Sunday, October 08, 2006

Robin Would Have Been 59

Robin and I were a couple of ugly ducklings at Davenport Central in 1962... I think the technical term is "Nerds." Whether it was gravity or whatever, in a sophomore class of more than 300, Robin and I always had at least one class together, two in that first year. We talked and talked and talked... we each thought at the time that we had talked about everything there was to talk about.
During the summer before our senior year I dropped several pounds of baby fat and got my head turned by Donna, and that was it for Robin and me.
In the fall of 1995 Robin tracked me down on AOL and sent me an e-mail. We corresponded sporadically thereafter (you know how I am about writing).
Robin had hit a couple of speed bumps on the road of life, but enjoyed more than twenty years as a speech therapist for a rural school district in eastern Kentucky before retiring with a disability. I got it into my head to go for a drive in 2004 and, since I was going to be going through Kentucky, I planned to stop by and see her.
I had to pull her out of a nursing home to take her to dinner.
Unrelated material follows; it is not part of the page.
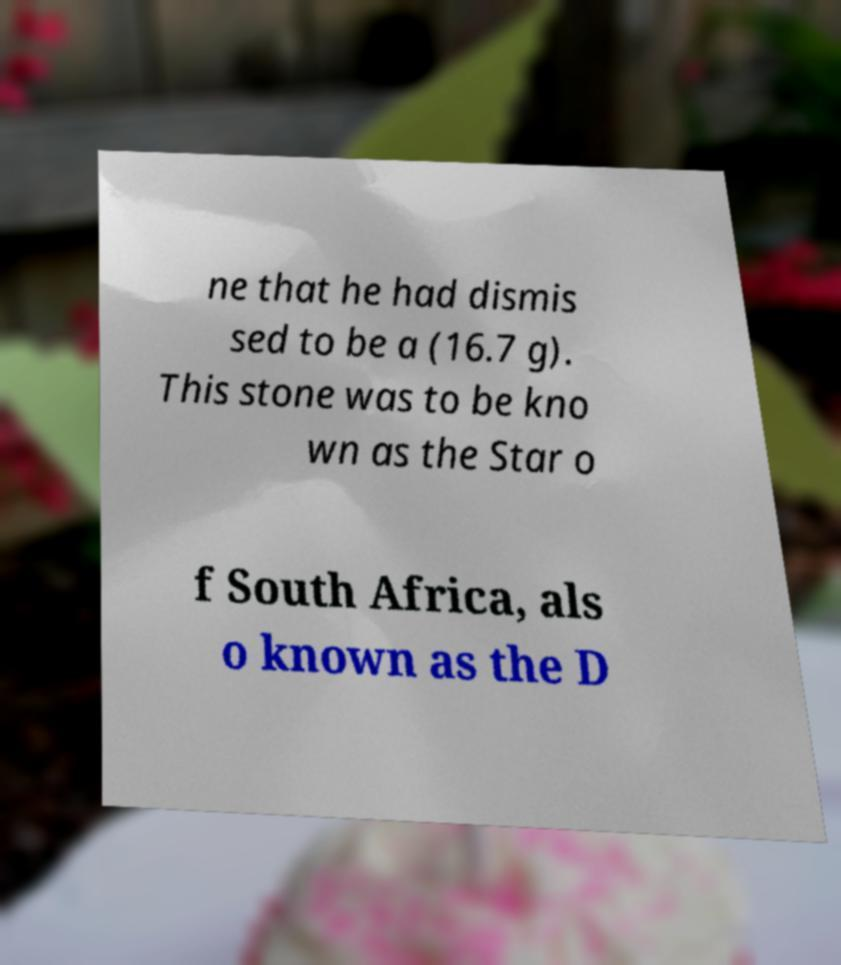Could you assist in decoding the text presented in this image and type it out clearly? ne that he had dismis sed to be a (16.7 g). This stone was to be kno wn as the Star o f South Africa, als o known as the D

Just six weeks earlier she'd been hospitalized up in Lexington, narrowly surviving major abdominal surgery, and she still had an open incision.
It turned out that for all the time we'd spent talking forty years earlier, I had not known that she'd been adopted or that she and her "step-mother" were both being beaten. She hadn't known that I'd been in foster care for seven years. She didn't know that she'd been my first date, the girl I gave my first corsage to. We talked at the SNF for a few hours, and then we joined two of her friends, Mark and Sally, for a bite to eat.
The classic "Robin" moment was when I came back to pick her up for dinner. She looked at me, there after forty years to pick her up for our second date, and exclaimed, "Are those the only shoes you have?" You had to have been there.
I didn't realize when I kissed her goodbye that that was the first time I'd kissed her.
After that we talked on the phone a few times... a few more e-mails... and then Robin was gone. She'd told Mark and Sally on Friday that she wasn't feeling well and was going to stay in bed so they shouldn't call. When they checked on her Monday they found that she'd passed over the weekend... just days before her birthday.
I think about Robin, adopted from a foundling home, her adoptive mother dying and leaving her with an abusive father figure, a non-starter in the teen popularity wars... because she'd already learned to keep so much of herself so well hidden? She pulled herself up. She did a lot of good for a lot of kids. She was bright, and funny, and for a few hours in late May, 2004, she said she reconnected with a moment forty years earlier.
Robin would have been 59 yesterday.

2 comments:

Anonymous said...

She was too young to go, not that we're ever ready, but just shy of 59...

I feel your loss and your pain. Hope you are at peace...

Rain Trueax said...

What a sad story but at least you did take the effort to reconnect with her and I bet that meant a lot to her. Some lives are very tragic.